Exercise instructions => Check each line of the entries below for the word "roll", and copy the lines that have it.

Records from a collection:
:::

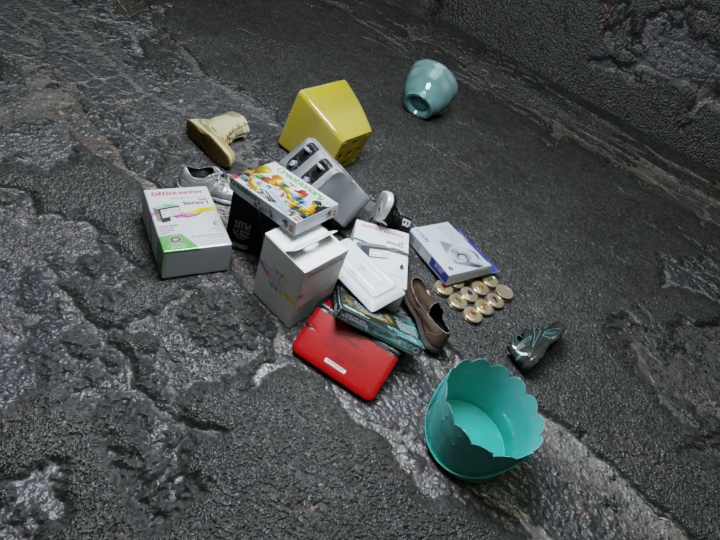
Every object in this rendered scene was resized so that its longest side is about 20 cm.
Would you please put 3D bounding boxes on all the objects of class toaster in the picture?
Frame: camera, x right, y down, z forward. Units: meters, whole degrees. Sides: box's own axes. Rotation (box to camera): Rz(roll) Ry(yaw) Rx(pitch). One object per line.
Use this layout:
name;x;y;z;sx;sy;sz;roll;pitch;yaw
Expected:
toaster;-0.085;-0.215;1.325;0.200;0.119;0.181;38;13;-49

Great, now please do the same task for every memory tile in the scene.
memory tile;0.294;0.053;1.344;0.199;0.017;0.153;-25;61;-40

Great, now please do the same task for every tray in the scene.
tray;0.000;0.000;1.143;0.107;0.022;0.200;-26;59;-36

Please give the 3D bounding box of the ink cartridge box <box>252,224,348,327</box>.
ink cartridge box;-0.126;-0.008;1.087;0.125;0.201;0.128;41;45;19

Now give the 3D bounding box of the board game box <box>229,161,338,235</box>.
board game box;-0.160;-0.154;1.083;0.199;0.035;0.126;35;42;23

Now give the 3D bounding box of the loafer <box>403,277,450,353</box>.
loafer;0.161;0.090;1.198;0.073;0.071;0.201;13;44;-39

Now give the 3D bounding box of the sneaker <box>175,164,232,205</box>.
sneaker;-0.350;-0.216;1.287;0.198;0.082;0.075;0;47;-23

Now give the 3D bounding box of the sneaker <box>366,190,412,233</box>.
sneaker;0.089;-0.138;1.318;0.111;0.200;0.074;11;73;-11

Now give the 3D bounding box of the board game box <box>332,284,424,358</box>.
board game box;0.035;0.105;1.100;0.199;0.028;0.135;27;14;-13

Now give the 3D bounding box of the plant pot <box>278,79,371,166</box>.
plant pot;-0.089;-0.405;1.524;0.177;0.200;0.199;49;47;10

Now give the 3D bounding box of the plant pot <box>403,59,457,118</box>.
plant pot;0.240;-0.651;1.923;0.199;0.201;0.135;30;70;8

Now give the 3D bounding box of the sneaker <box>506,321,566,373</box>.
sneaker;0.424;0.163;1.246;0.079;0.076;0.199;42;45;23

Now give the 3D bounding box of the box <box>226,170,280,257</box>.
box;-0.194;-0.110;1.188;0.198;0.164;0.087;19;42;-6

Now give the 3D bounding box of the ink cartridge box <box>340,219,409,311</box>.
ink cartridge box;0.036;-0.016;1.251;0.143;0.085;0.201;15;43;-7

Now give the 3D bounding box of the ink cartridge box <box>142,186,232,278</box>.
ink cartridge box;-0.384;-0.090;1.143;0.144;0.084;0.201;-9;51;-30

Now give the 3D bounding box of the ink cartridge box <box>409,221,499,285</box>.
ink cartridge box;0.253;-0.055;1.401;0.199;0.041;0.200;-12;47;-31

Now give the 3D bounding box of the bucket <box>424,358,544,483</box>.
bucket;0.225;0.289;0.987;0.205;0.135;0.208;12;42;-11

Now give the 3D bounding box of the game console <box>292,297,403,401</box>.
game console;-0.017;0.158;1.102;0.199;0.119;0.173;31;74;10

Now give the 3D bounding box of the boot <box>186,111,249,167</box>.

:::

Written reply =>
Frame: camera, x right, y down, z forward. Units: meters, whole degrees. Sides: box's own axes. Rotation (box to camera): Rz(roll) Ry(yaw) Rx(pitch). One object per line.
name;x;y;z;sx;sy;sz;roll;pitch;yaw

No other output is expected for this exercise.